Leeds admits that each homeowner can’t grow everything they need, so she is encouraging them to share or trade what they grow with their neighbors.

“We can become more inter-connected,” said Leeds, who stresses that Transition is not a political movement. “Whether you’re a Republican or a Democrat, it’s about making it so you and your family can feed yourself and be able to subsist.”

Growing up in Laguna Beach, Leeds’ first job was at The Stand, a natural foods restaurant on Thalia Street. It was there that she first started to question where her food was coming from.

While living in Peru as an exchange student and traveling throughout Europe after college, Leeds said she “saw the relationship between people and the land.”

Leeds served as education director for the Laguna Canyon Foundation for seven years. During that time, she wrote a curriculum with California Standards that allowed students to come in the park to learn about food chains and food webs. This program is still being used for schools who visit the park.

Six years ago, Leeds became involved with Transition Laguna Beach and still attends many of their activities.

“Members help each other re-learn skills that have been forgotten for generations, as well as provide a network of friendships that make each family stronger and well-supported,” she said.

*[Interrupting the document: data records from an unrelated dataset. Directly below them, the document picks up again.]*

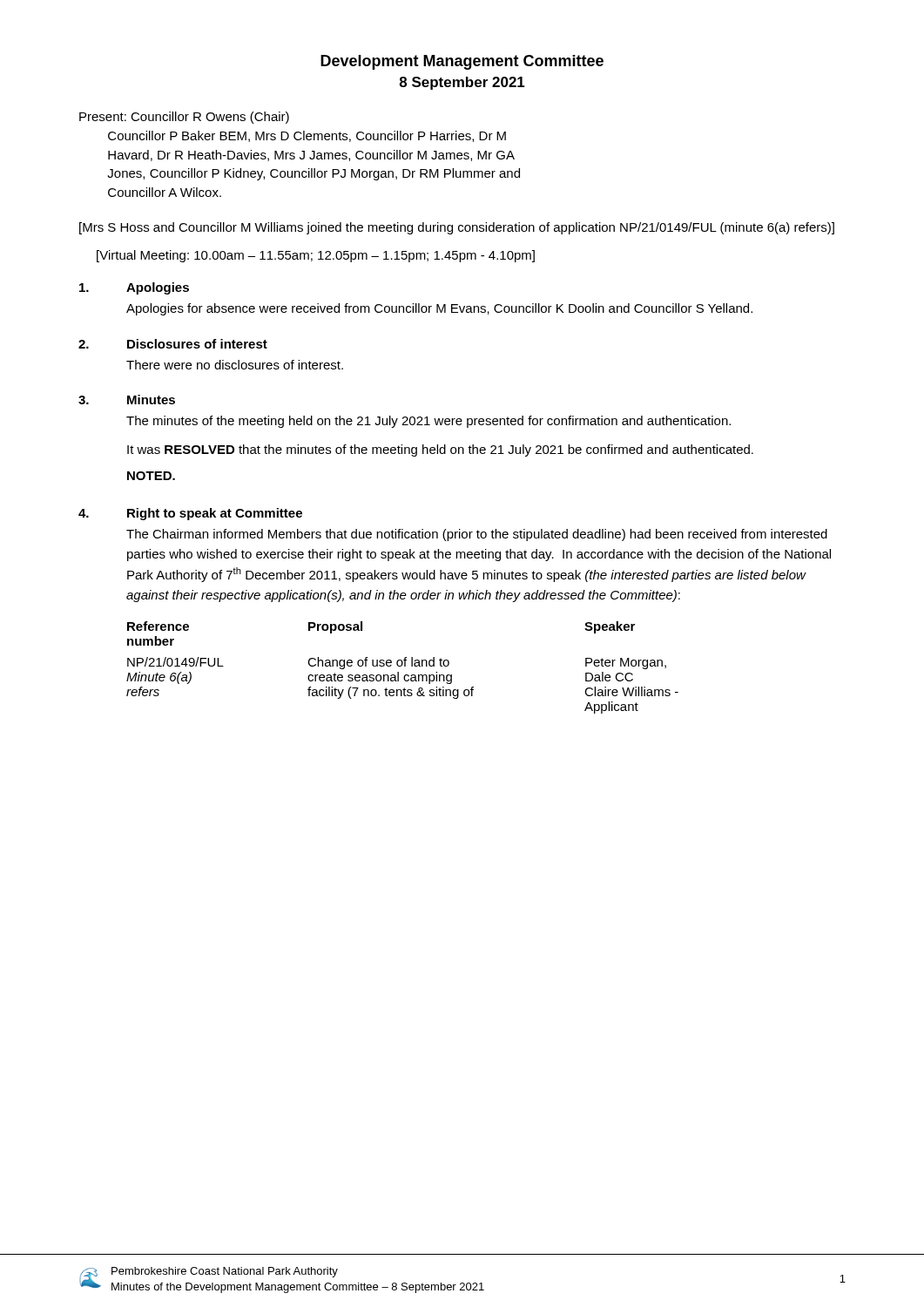The image size is (924, 1307).
Task: Select the passage starting "It was RESOLVED"
Action: click(440, 449)
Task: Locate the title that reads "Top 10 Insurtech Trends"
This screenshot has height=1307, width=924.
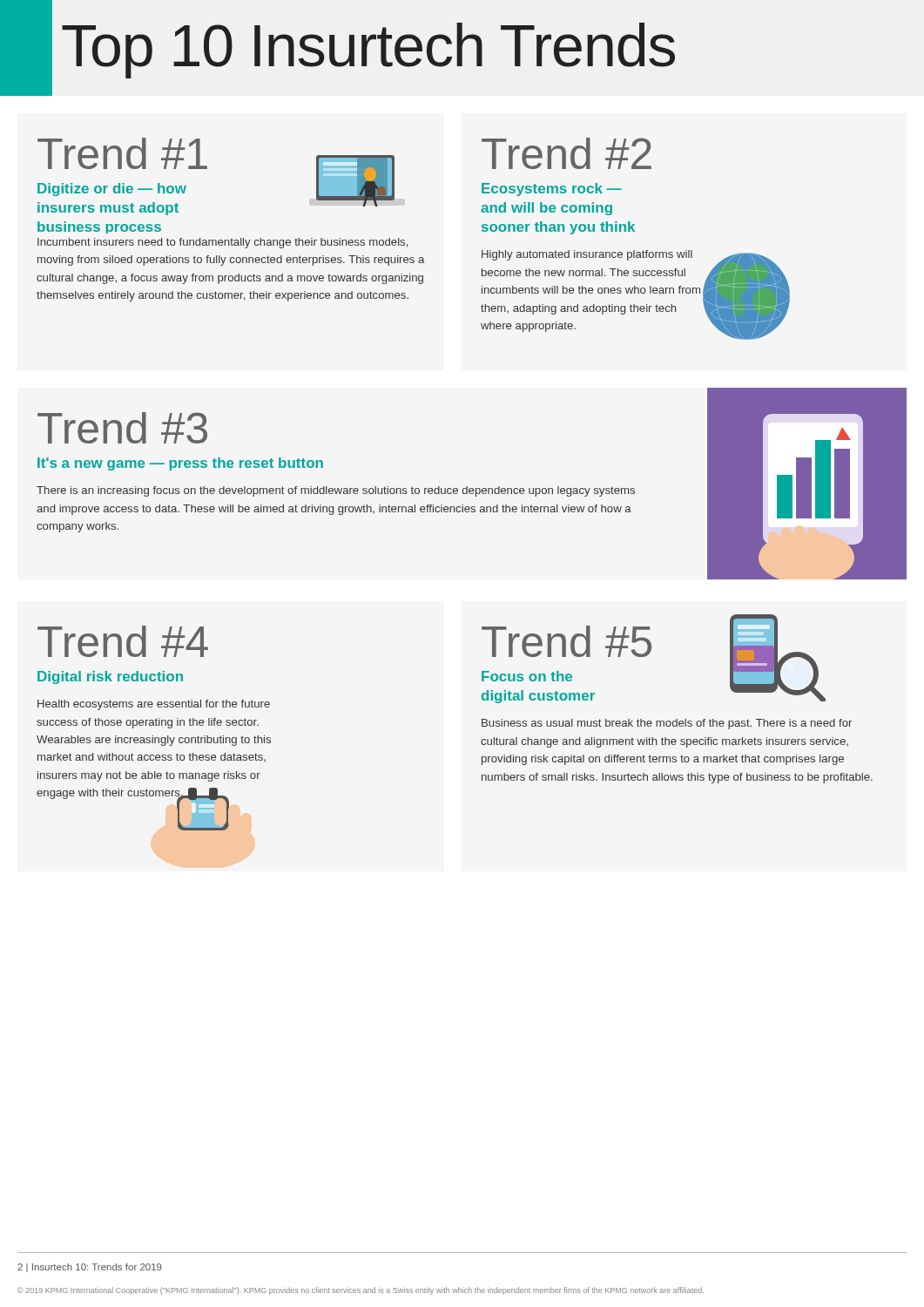Action: click(x=369, y=45)

The Transition Movement emerged from the Kinsale Energy Descent Plan, which was developed in 2005 by educator Rob Hopkins and his students at the Kinsale Further Education College in Ireland. It was the first strategic community planning document of its kind, looking at creative adaptations in food, farming, education, economics and health.

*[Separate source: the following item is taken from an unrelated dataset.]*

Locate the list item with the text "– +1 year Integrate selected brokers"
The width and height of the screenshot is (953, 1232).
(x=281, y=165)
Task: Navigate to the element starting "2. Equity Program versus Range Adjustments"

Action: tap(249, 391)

In 2006, Hopkins took his work to the community when he started the first Transition town in Totnes, England. The movement quickly spread around the world as other communities copied the model.

In addition to starting Transition Aliso Viejo, Leeds is helping residents of Irvine to start the movement there.

“I have a longing for a sense of deep connection to others in our community where people work together,” Leeds said. “Everyone has different gifts that they can offer. That’s what makes community.”